> Your task: Return, word for word, only the lines of the data below that lie between the line with "Keep it short and to the point. 0.84." and the line with "Your response must be concise. Yes.", those two lines included.

Collection entries:
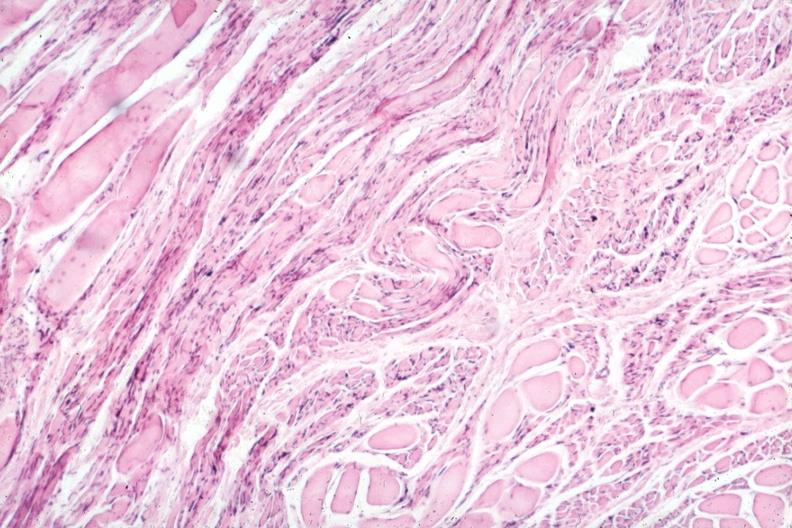s soft tissue present?
Answer the question using a single word or phrase. Yes 
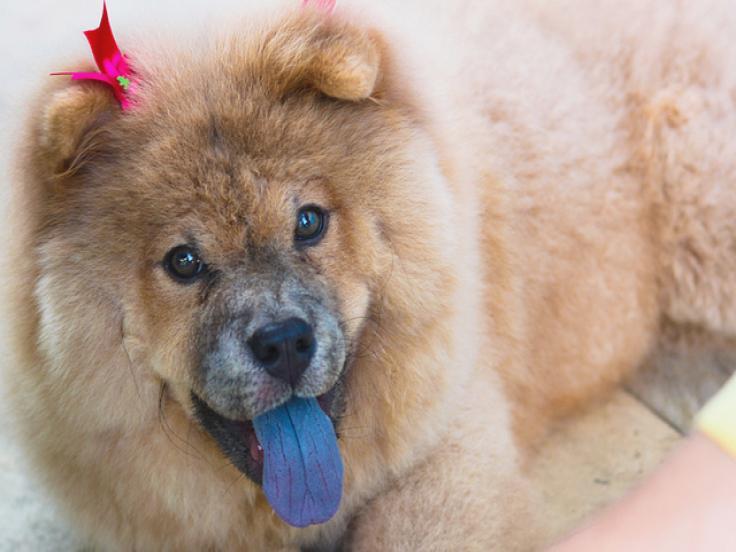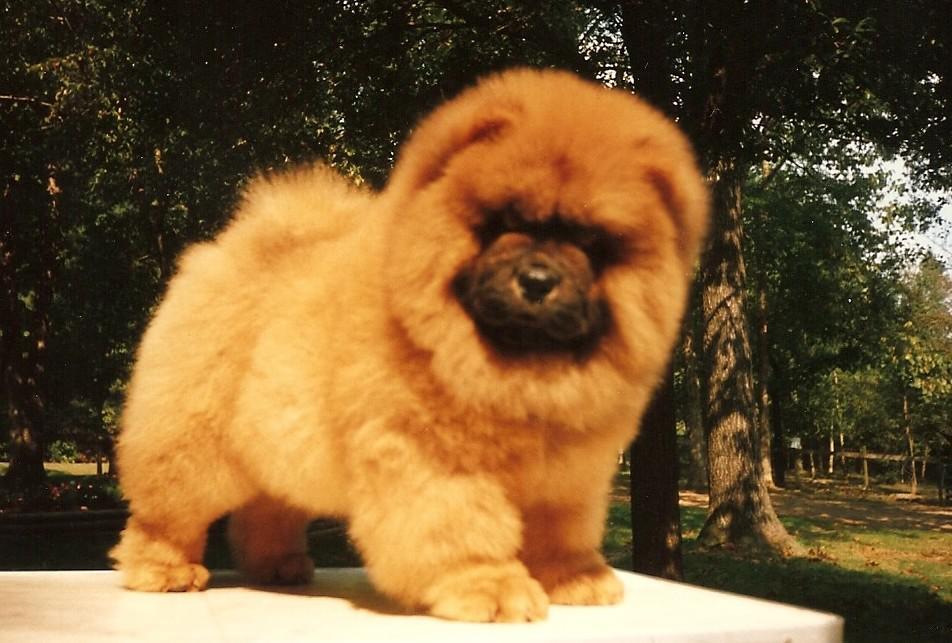The first image is the image on the left, the second image is the image on the right. For the images displayed, is the sentence "There are only two dogs." factually correct? Answer yes or no. Yes. The first image is the image on the left, the second image is the image on the right. Analyze the images presented: Is the assertion "There are no less than two dogs in each image." valid? Answer yes or no. No. 
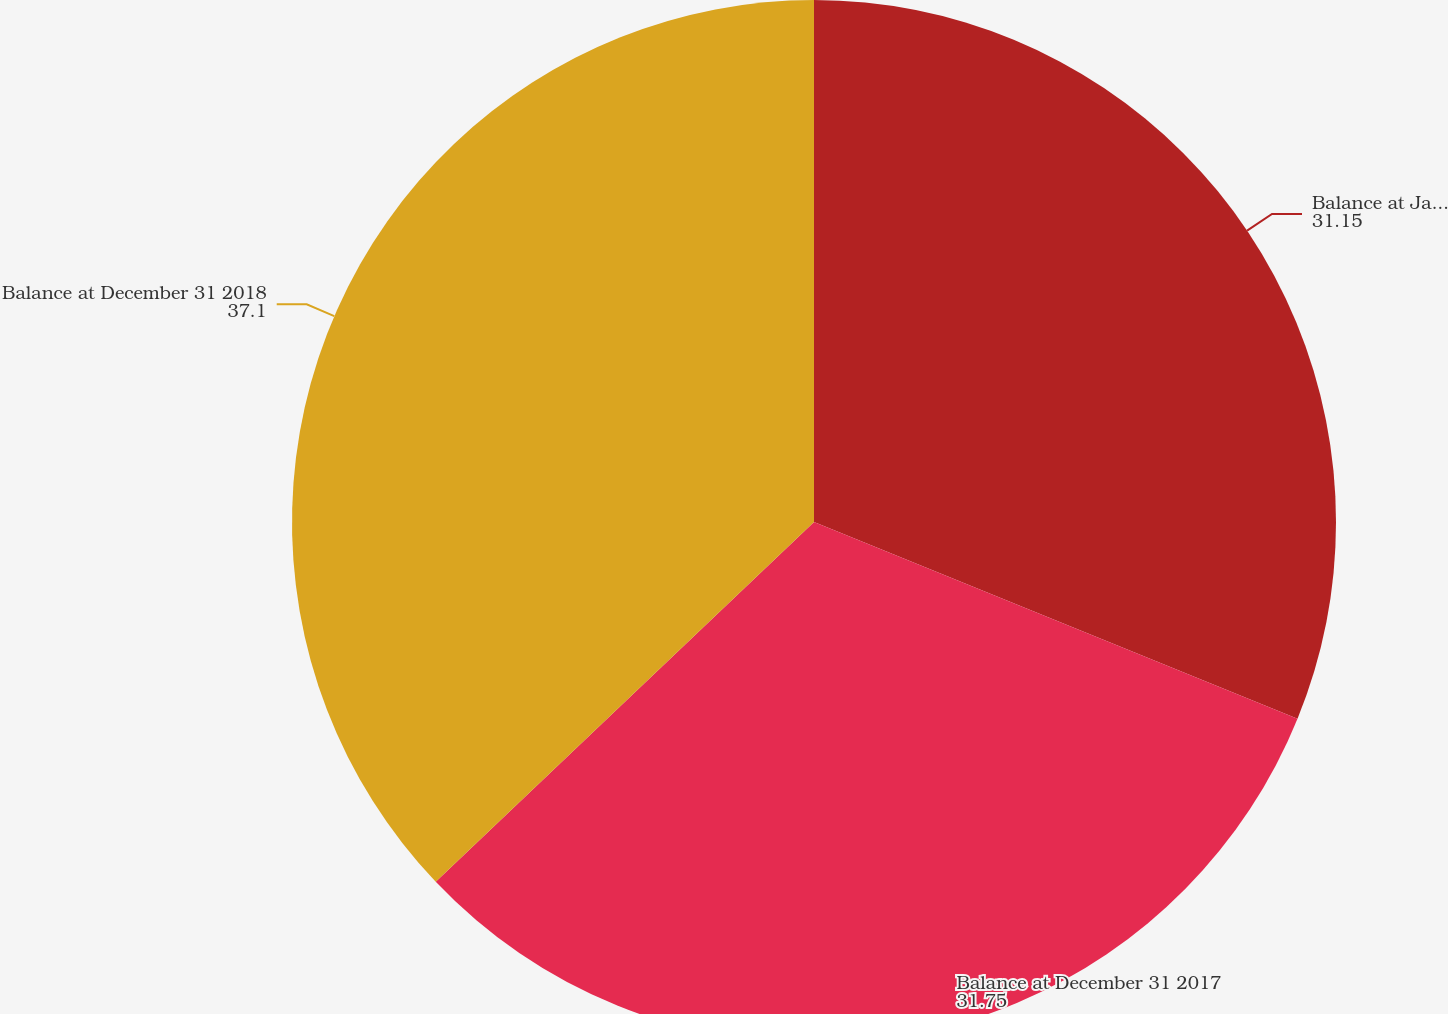Convert chart. <chart><loc_0><loc_0><loc_500><loc_500><pie_chart><fcel>Balance at January 1 2017<fcel>Balance at December 31 2017<fcel>Balance at December 31 2018<nl><fcel>31.15%<fcel>31.75%<fcel>37.1%<nl></chart> 
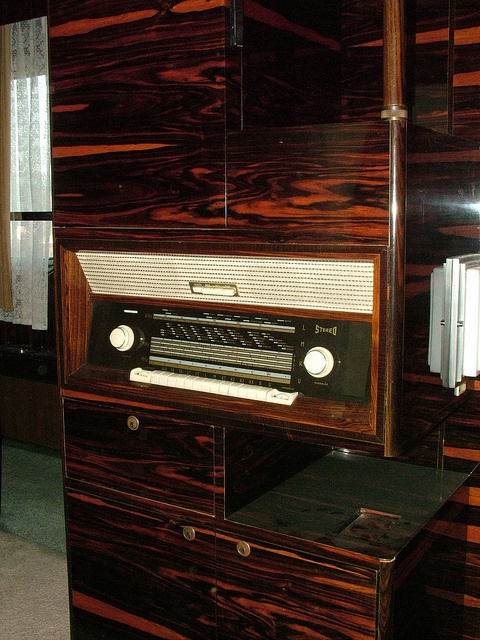Describe the objects in this image and their specific colors. I can see various objects in this image with different colors. 
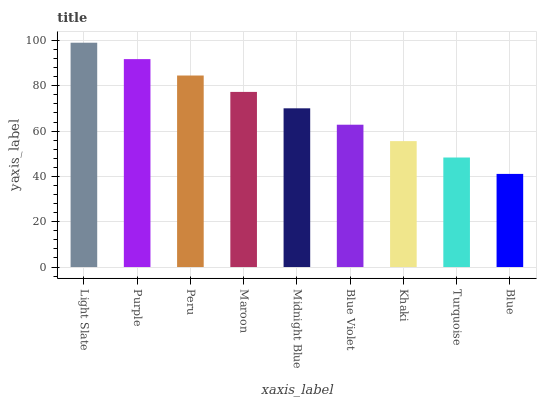Is Blue the minimum?
Answer yes or no. Yes. Is Light Slate the maximum?
Answer yes or no. Yes. Is Purple the minimum?
Answer yes or no. No. Is Purple the maximum?
Answer yes or no. No. Is Light Slate greater than Purple?
Answer yes or no. Yes. Is Purple less than Light Slate?
Answer yes or no. Yes. Is Purple greater than Light Slate?
Answer yes or no. No. Is Light Slate less than Purple?
Answer yes or no. No. Is Midnight Blue the high median?
Answer yes or no. Yes. Is Midnight Blue the low median?
Answer yes or no. Yes. Is Purple the high median?
Answer yes or no. No. Is Purple the low median?
Answer yes or no. No. 
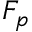<formula> <loc_0><loc_0><loc_500><loc_500>F _ { p }</formula> 
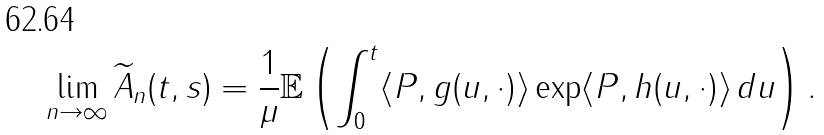Convert formula to latex. <formula><loc_0><loc_0><loc_500><loc_500>\lim _ { n \to \infty } \widetilde { A } _ { n } ( t , s ) = \frac { 1 } { \mu } \mathbb { E } \left ( \int _ { 0 } ^ { t } \langle P , g ( u , \cdot ) \rangle \exp \langle P , h ( u , \cdot ) \rangle \, d u \right ) .</formula> 
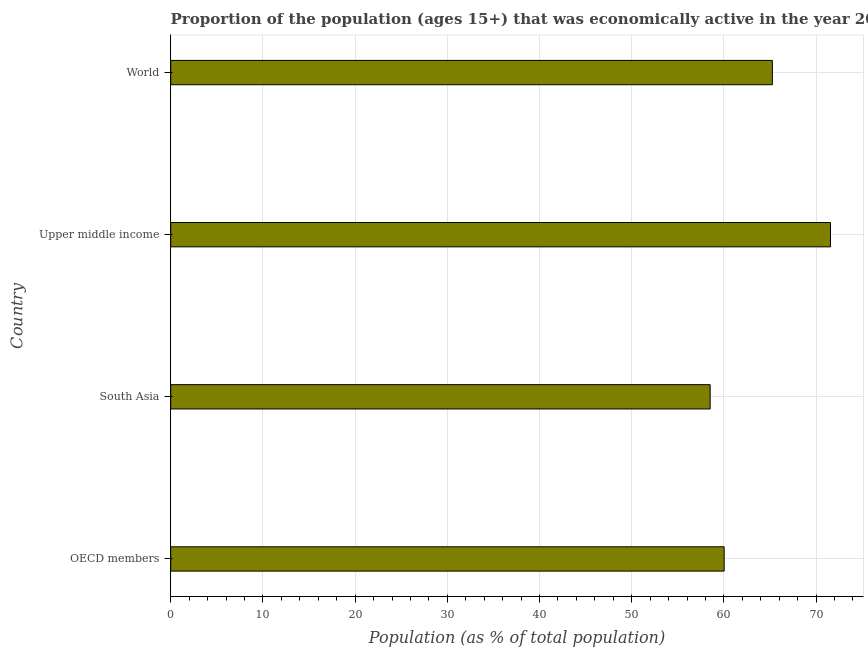Does the graph contain grids?
Your answer should be very brief. Yes. What is the title of the graph?
Ensure brevity in your answer.  Proportion of the population (ages 15+) that was economically active in the year 2001. What is the label or title of the X-axis?
Your response must be concise. Population (as % of total population). What is the label or title of the Y-axis?
Offer a very short reply. Country. What is the percentage of economically active population in World?
Offer a terse response. 65.26. Across all countries, what is the maximum percentage of economically active population?
Your response must be concise. 71.56. Across all countries, what is the minimum percentage of economically active population?
Make the answer very short. 58.51. In which country was the percentage of economically active population maximum?
Ensure brevity in your answer.  Upper middle income. In which country was the percentage of economically active population minimum?
Provide a succinct answer. South Asia. What is the sum of the percentage of economically active population?
Your answer should be compact. 255.35. What is the difference between the percentage of economically active population in South Asia and World?
Your response must be concise. -6.75. What is the average percentage of economically active population per country?
Provide a succinct answer. 63.84. What is the median percentage of economically active population?
Keep it short and to the point. 62.64. In how many countries, is the percentage of economically active population greater than 32 %?
Provide a succinct answer. 4. What is the ratio of the percentage of economically active population in OECD members to that in Upper middle income?
Keep it short and to the point. 0.84. Is the percentage of economically active population in OECD members less than that in Upper middle income?
Make the answer very short. Yes. Is the difference between the percentage of economically active population in South Asia and Upper middle income greater than the difference between any two countries?
Your response must be concise. Yes. What is the difference between the highest and the second highest percentage of economically active population?
Ensure brevity in your answer.  6.31. Is the sum of the percentage of economically active population in South Asia and World greater than the maximum percentage of economically active population across all countries?
Offer a terse response. Yes. What is the difference between the highest and the lowest percentage of economically active population?
Your response must be concise. 13.05. How many bars are there?
Offer a very short reply. 4. How many countries are there in the graph?
Provide a short and direct response. 4. What is the difference between two consecutive major ticks on the X-axis?
Offer a very short reply. 10. Are the values on the major ticks of X-axis written in scientific E-notation?
Make the answer very short. No. What is the Population (as % of total population) in OECD members?
Provide a short and direct response. 60.03. What is the Population (as % of total population) in South Asia?
Offer a very short reply. 58.51. What is the Population (as % of total population) in Upper middle income?
Your answer should be compact. 71.56. What is the Population (as % of total population) in World?
Provide a short and direct response. 65.26. What is the difference between the Population (as % of total population) in OECD members and South Asia?
Your answer should be very brief. 1.52. What is the difference between the Population (as % of total population) in OECD members and Upper middle income?
Give a very brief answer. -11.54. What is the difference between the Population (as % of total population) in OECD members and World?
Ensure brevity in your answer.  -5.23. What is the difference between the Population (as % of total population) in South Asia and Upper middle income?
Offer a terse response. -13.05. What is the difference between the Population (as % of total population) in South Asia and World?
Your answer should be compact. -6.75. What is the difference between the Population (as % of total population) in Upper middle income and World?
Give a very brief answer. 6.31. What is the ratio of the Population (as % of total population) in OECD members to that in South Asia?
Offer a very short reply. 1.03. What is the ratio of the Population (as % of total population) in OECD members to that in Upper middle income?
Ensure brevity in your answer.  0.84. What is the ratio of the Population (as % of total population) in South Asia to that in Upper middle income?
Keep it short and to the point. 0.82. What is the ratio of the Population (as % of total population) in South Asia to that in World?
Make the answer very short. 0.9. What is the ratio of the Population (as % of total population) in Upper middle income to that in World?
Your response must be concise. 1.1.

> Solution to the problem:
Keep it short and to the point. 0.84. Is the percentage of economically active population in OECD members less than that in Upper middle income?
Make the answer very short. Yes. Is the difference between the percentage of economically active population in South Asia and Upper middle income greater than the difference between any two countries?
Your response must be concise. Yes. What is the difference between the highest and the second highest percentage of economically active population?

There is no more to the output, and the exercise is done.